DAVIDS VS. GOLIATHS: How Big Companies Can Cultivate Intrapreneurs

By borrowing strategies from entrepreneurial disruptors, businesses
can stay nimble and create long-term value

Editor’s note:This article was written by Scott Snyder and Bill Seibel. Snyder is a fellow at the Mack Institute for Innovation Management, part of the Wharton School of the University of Pennsylvania; chief digital officer of Eversana; and author of the book, “Goliath’s Revenge: How Established Companies Turn the Tables on Digital Disruptors.” Seibel is author of “Press Go: Lessons Earned by a Serial Entrepreneur,” and former founder and chief executive officer of Mobiquity. 

If history has taught us anything, it’s that big corporations struggle with disruptive innovation. Whether it’s missing a new wave — like IBM underestimating the value of the operating system, Kodak underplaying the impact of digital photography or J.C. Penney doubling down on brick-and-mortar stores as the “Amazon effect” was taking over retail — big companies seem to lack the ability to innovate ahead of the next disruption. 

Instead, most big corporations become addicted to their business models and move from risk-taking in their early life to caretaking as they grow and mature, and then undertaking when it is too late to pivot to a new model before becoming obsolete.

The speed of innovation, accelerated by the recent events of the pandemic, has only intensified the pressure to transform in large corporations and is increasing the gap between the innovators and pretenders. And it’s not for lack of effort. More than 75% of companies have some form of innovation accelerator, yet more than 90% of these labs fail to achieve real financial impact. Some recent examples of high-profile corporate innovation efforts like GE Digital and Nokia Labs failed to save either company from serious disruption. With the vast resources of large enterprises, why are so few successful at disruptive innovation? What do successful corporations do differently? And why are startups able to beat them to the next market opportunity so often? We believe there are lessons learned from successful startups that can help large enterprises innovate, pivot and turn their ideas into ventures that can add long-term value.

Disruptor or defender 

A recent Dell survey of 4,000 senior business leaders found that 78% of C-level decision-makers believe digital startups pose a threat to their organization now or will do so in the near future. The same survey revealed that 62% have already seen new competitors enter the market as a result of the emergence of digital technology. Business disruption is real and it’s accelerating. It seldom comes hard and fast like Uber. Instead, it targets segments of a company’s products and services, and manifests itself as death by a thousand cuts. Chief executive officers can decide to be either a disruptor or a defender. Both strategies are viable.
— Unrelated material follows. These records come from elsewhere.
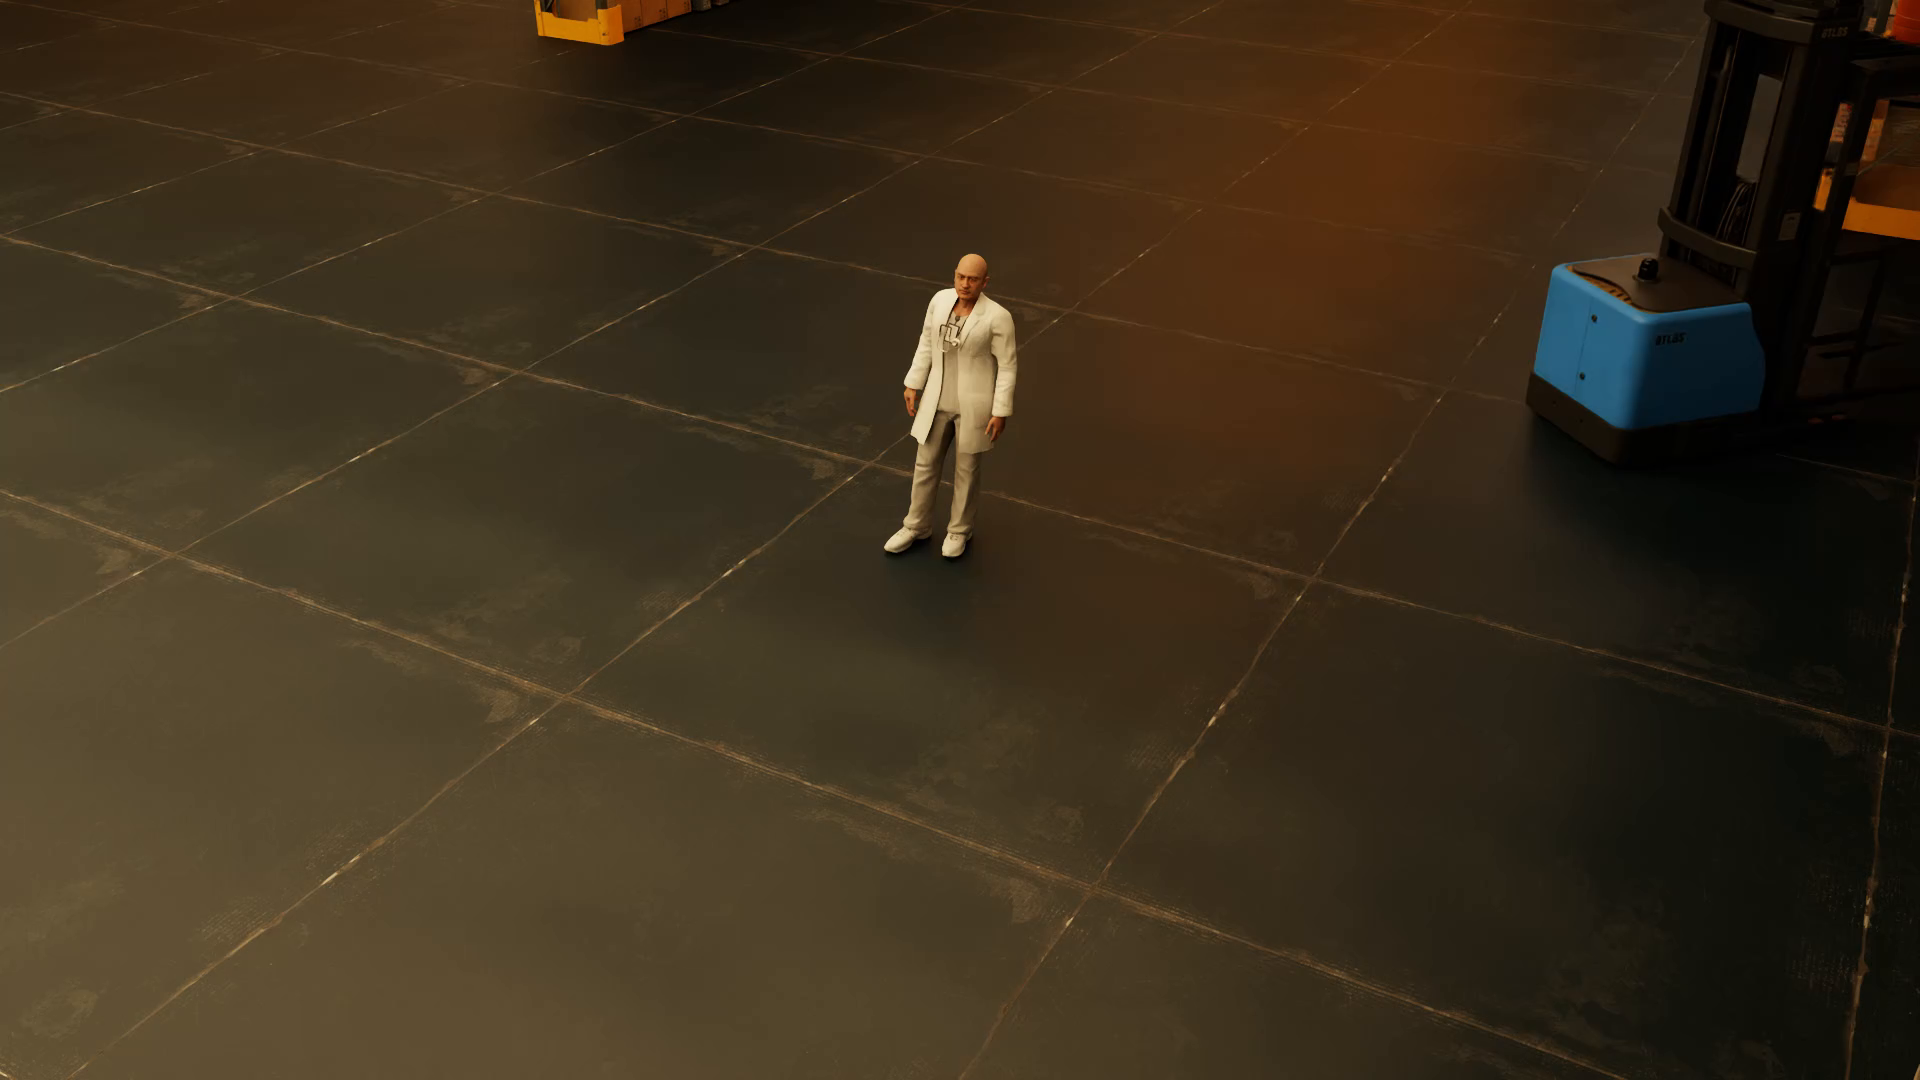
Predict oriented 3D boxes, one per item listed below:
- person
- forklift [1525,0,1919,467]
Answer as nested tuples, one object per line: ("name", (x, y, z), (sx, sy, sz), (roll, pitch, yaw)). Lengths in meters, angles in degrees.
("person", (-0.048, -0.737, 9.487), (0.698, 1.777, 0.578), (15, 33, 25))
("forklift", (5.482, -2.160, 10.814), (3.031, 2.935, 1.130), (-9, 31, -15))
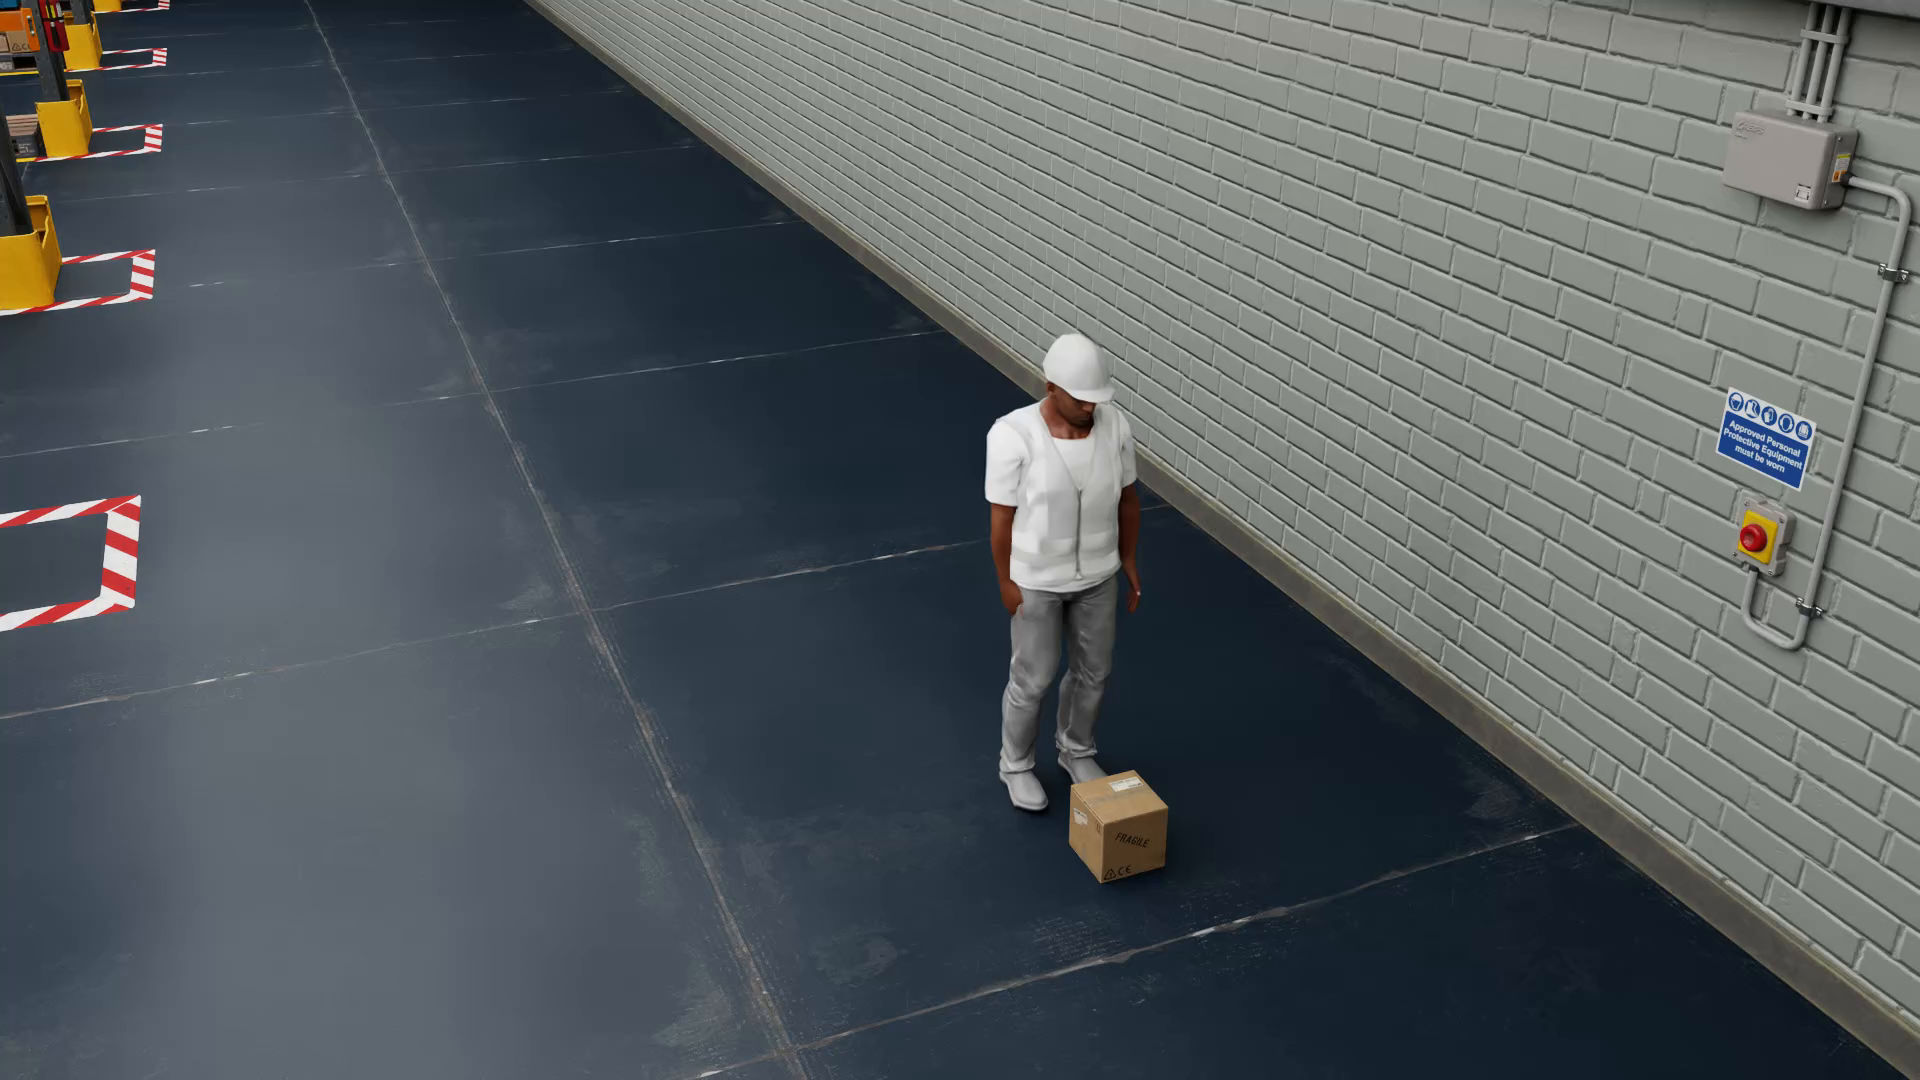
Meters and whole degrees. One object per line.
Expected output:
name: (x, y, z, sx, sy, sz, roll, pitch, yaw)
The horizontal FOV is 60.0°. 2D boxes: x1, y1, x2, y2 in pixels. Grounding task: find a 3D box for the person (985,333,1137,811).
person: (0.371, 0.112, 5.858, 0.567, 1.759, 0.368, -10, 27, -20)
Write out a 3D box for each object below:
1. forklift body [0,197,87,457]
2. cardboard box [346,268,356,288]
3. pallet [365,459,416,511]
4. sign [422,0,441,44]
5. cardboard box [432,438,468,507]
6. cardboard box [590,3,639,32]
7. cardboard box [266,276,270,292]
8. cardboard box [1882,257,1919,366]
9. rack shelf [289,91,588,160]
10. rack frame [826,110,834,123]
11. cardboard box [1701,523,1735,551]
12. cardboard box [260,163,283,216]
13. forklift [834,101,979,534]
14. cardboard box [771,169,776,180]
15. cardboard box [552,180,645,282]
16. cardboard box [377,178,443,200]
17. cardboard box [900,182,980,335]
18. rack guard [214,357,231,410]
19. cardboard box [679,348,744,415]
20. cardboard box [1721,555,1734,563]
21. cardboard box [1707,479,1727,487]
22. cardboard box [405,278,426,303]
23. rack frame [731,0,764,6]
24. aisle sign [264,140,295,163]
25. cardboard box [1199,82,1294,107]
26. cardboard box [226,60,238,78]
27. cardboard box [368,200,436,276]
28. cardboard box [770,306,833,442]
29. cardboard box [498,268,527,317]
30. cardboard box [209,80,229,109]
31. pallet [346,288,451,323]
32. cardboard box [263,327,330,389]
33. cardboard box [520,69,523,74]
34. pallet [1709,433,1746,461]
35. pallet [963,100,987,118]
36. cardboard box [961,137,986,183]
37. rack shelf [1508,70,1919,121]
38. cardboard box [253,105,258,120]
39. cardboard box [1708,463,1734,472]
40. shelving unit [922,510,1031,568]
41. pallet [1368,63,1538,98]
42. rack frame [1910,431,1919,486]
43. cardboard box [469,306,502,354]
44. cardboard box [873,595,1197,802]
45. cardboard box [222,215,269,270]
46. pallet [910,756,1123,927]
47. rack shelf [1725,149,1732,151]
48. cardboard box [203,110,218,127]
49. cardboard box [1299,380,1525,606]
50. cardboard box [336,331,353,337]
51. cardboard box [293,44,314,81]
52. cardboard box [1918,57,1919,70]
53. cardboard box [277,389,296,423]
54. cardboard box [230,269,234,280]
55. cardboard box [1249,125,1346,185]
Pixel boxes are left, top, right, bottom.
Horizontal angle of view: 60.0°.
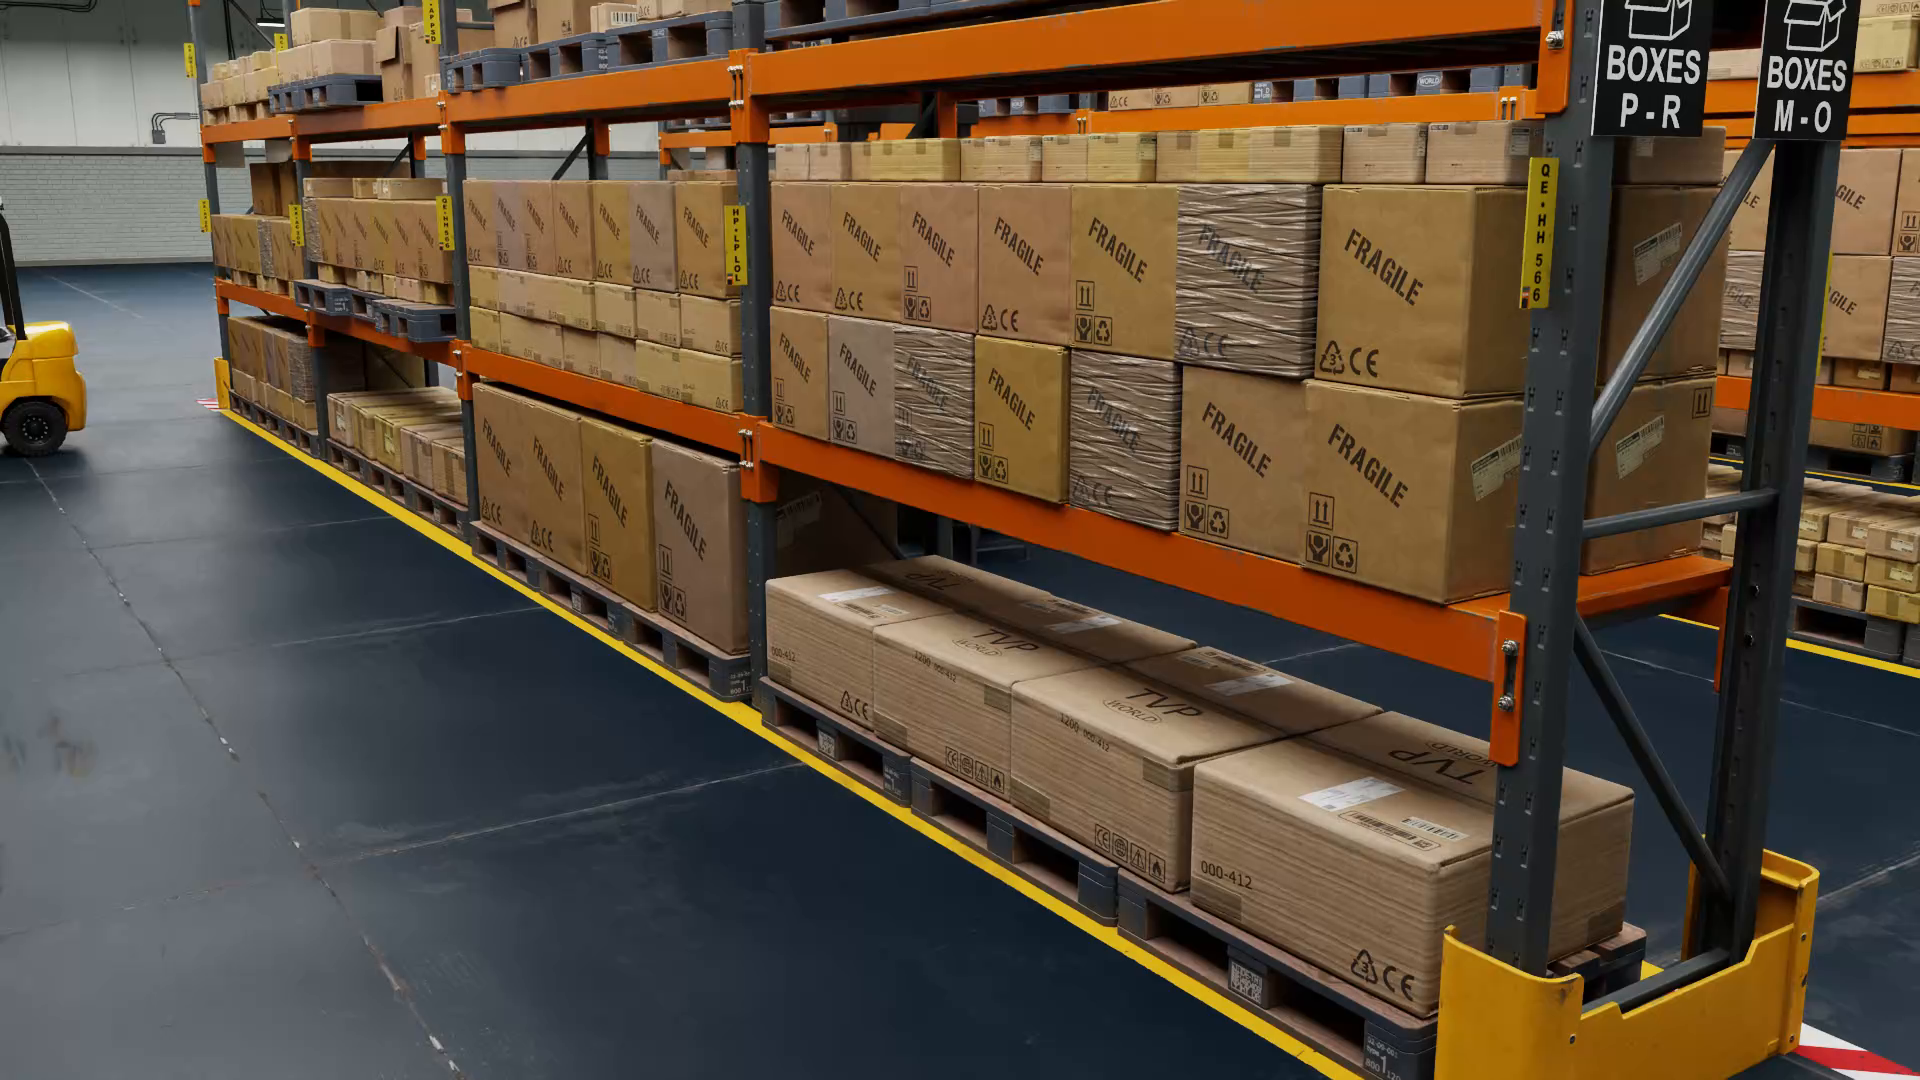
[{"bbox_3d":[-8.692,-1.775,13.942,2.313,2.155,1.214,-8,15,-33],"label":"forklift body"},{"bbox_3d":[-4.412,-1.997,12.575,0.380,0.149,0.250,-8,15,-32],"label":"cardboard box"},{"bbox_3d":[-3.802,-0.470,12.515,1.003,0.211,1.213,-8,15,-33],"label":"pallet"},{"bbox_3d":[-3.151,-3.130,9.922,0.100,0.325,0.005,-8,15,-33],"label":"sign"},{"bbox_3d":[-3.003,-0.499,11.290,0.950,0.372,0.625,-9,15,-37],"label":"cardboard box"},{"bbox_3d":[-1.655,-2.639,8.453,0.380,0.166,0.250,-7,14,-28],"label":"cardboard box"},{"bbox_3d":[-6.029,-2.315,15.014,0.380,0.149,0.250,-8,15,-34],"label":"cardboard box"},{"bbox_3d":[4.766,-1.082,7.857,0.500,0.500,0.500,-8,15,-33],"label":"cardboard box"},{"bbox_3d":[-3.807,-2.946,11.972,1.077,0.370,4.000,-8,15,-33],"label":"rack shelf"},{"bbox_3d":[-0.850,-2.791,16.604,1.000,3.000,0.127,-8,15,-33],"label":"rack frame"},{"bbox_3d":[4.177,-0.050,9.064,0.380,0.149,0.250,-7,14,-30],"label":"cardboard box"},{"bbox_3d":[-6.392,-3.425,16.233,0.700,0.500,0.500,-8,15,-32],"label":"cardboard box"},{"bbox_3d":[-0.592,-1.733,11.926,1.130,2.935,3.031,-6,14,-24],"label":"forklift"},{"bbox_3d":[-1.427,-3.546,17.176,0.875,0.550,0.550,-8,15,-33],"label":"cardboard box"},{"bbox_3d":[-1.795,-1.625,8.699,0.500,0.500,0.500,-8,15,-32],"label":"cardboard box"},{"bbox_3d":[-3.840,-2.450,11.611,0.380,0.149,0.250,-9,15,-35],"label":"cardboard box"},{"bbox_3d":[0.129,-1.005,5.864,0.500,0.500,0.500,-8,15,-32],"label":"cardboard box"},{"bbox_3d":[-7.089,-1.664,17.301,1.175,0.500,0.348,-8,15,-33],"label":"rack guard"},{"bbox_3d":[-0.941,-0.741,7.581,0.500,0.250,0.500,-9,15,-34],"label":"cardboard box"},{"bbox_3d":[4.269,0.148,8.854,0.380,0.149,0.250,-9,15,-34],"label":"cardboard box"},{"bbox_3d":[4.049,-0.247,9.267,0.380,0.149,0.250,-9,15,-34],"label":"cardboard box"},{"bbox_3d":[-3.462,-1.667,11.070,0.380,0.149,0.250,-8,15,-33],"label":"cardboard box"},{"bbox_3d":[-0.482,-3.695,6.695,1.000,3.000,0.127,-8,15,-33],"label":"rack frame"},{"bbox_3d":[-6.924,-4.214,17.025,0.394,0.787,0.004,-8,15,-33],"label":"aisle sign"},{"bbox_3d":[2.025,-3.285,11.605,0.500,0.500,0.500,-8,15,-33],"label":"cardboard box"},{"bbox_3d":[-6.493,-4.306,15.233,0.380,0.149,0.250,-8,14,-31],"label":"cardboard box"},{"bbox_3d":[-3.758,-2.103,11.546,0.500,0.500,0.500,-9,15,-37],"label":"cardboard box"},{"bbox_3d":[-0.440,-0.699,6.802,0.500,0.500,0.500,-8,14,-31],"label":"cardboard box"},{"bbox_3d":[-2.338,-1.435,9.585,0.500,0.250,0.500,-8,15,-31],"label":"cardboard box"},{"bbox_3d":[-6.803,-4.224,15.791,0.500,0.250,0.500,-8,15,-34],"label":"cardboard box"},{"bbox_3d":[-3.829,-1.729,12.198,1.003,0.211,1.213,-8,15,-33],"label":"pallet"},{"bbox_3d":[-6.033,-1.670,15.174,0.500,0.500,0.500,-7,14,-30],"label":"cardboard box"},{"bbox_3d":[-2.873,-2.997,10.839,0.396,0.266,0.258,-8,15,-33],"label":"cardboard box"},{"bbox_3d":[6.597,-0.921,14.578,1.003,0.211,1.213,-8,15,-33],"label":"pallet"},{"bbox_3d":[0.343,-3.760,14.453,1.003,0.211,1.213,-7,14,-30],"label":"pallet"},{"bbox_3d":[0.226,-1.311,5.741,0.380,0.149,0.250,-8,15,-33],"label":"cardboard box"},{"bbox_3d":[4.691,-2.127,8.228,1.077,0.370,4.000,-8,15,-33],"label":"rack shelf"},{"bbox_3d":[-6.121,-3.836,14.949,0.380,0.149,0.250,-8,15,-33],"label":"cardboard box"},{"bbox_3d":[4.315,-0.355,9.761,0.380,0.149,0.250,-8,15,-33],"label":"cardboard box"},{"bbox_3d":[0.096,-0.654,10.342,0.431,1.500,0.755,-6,14,-24],"label":"shelving unit"},{"bbox_3d":[3.329,-2.864,10.357,1.213,0.211,1.003,-8,15,-33],"label":"pallet"},{"bbox_3d":[7.768,-1.937,12.700,1.000,3.000,0.127,-8,15,-33],"label":"rack frame"},{"bbox_3d":[-2.637,-1.286,10.071,0.500,0.250,0.500,-8,15,-34],"label":"cardboard box"},{"bbox_3d":[0.273,0.566,6.269,0.875,0.438,0.875,-9,15,-34],"label":"cardboard box"},{"bbox_3d":[-6.810,-2.884,16.098,0.500,0.500,0.500,-8,14,-31],"label":"cardboard box"},{"bbox_3d":[0.554,0.959,5.980,1.003,0.211,1.213,-8,15,-33],"label":"pallet"},{"bbox_3d":[10.476,-6.002,25.948,1.077,0.370,4.000,-8,15,-33],"label":"rack shelf"},{"bbox_3d":[-7.217,-4.144,16.356,0.380,0.149,0.250,-8,15,-33],"label":"cardboard box"},{"bbox_3d":[1.246,-0.156,4.322,0.500,0.500,0.500,-8,15,-32],"label":"cardboard box"},{"bbox_3d":[-5.323,-1.646,15.066,0.500,0.500,0.500,-7,14,-30],"label":"cardboard box"},{"bbox_3d":[-4.643,-3.543,12.389,0.500,0.250,0.500,-8,15,-34],"label":"cardboard box"},{"bbox_3d":[4.774,-2.278,7.589,0.500,0.250,0.500,-7,14,-30],"label":"cardboard box"},{"bbox_3d":[-5.769,-1.216,14.854,0.500,0.250,0.500,-9,15,-34],"label":"cardboard box"},{"bbox_3d":[-7.115,-2.691,16.734,0.380,0.149,0.250,-8,15,-33],"label":"cardboard box"},{"bbox_3d":[0.995,-1.026,4.438,0.380,0.149,0.250,-8,15,-33],"label":"cardboard box"}]

Both require unbundling an enterprise’s products and services and exploring how innovation can impact each. And both are hard work.

But everyone knows that starting a new business venture is challenging. The odds aren’t great. Some 70% don’t survive, 20% break even and only 10% grow to achieve significant returns. And most startup leadership teams spend the bulk of their time raising very expensive capital from venture capitalists and acquiring customers, data assets and brand equity — things that large corporations already have. 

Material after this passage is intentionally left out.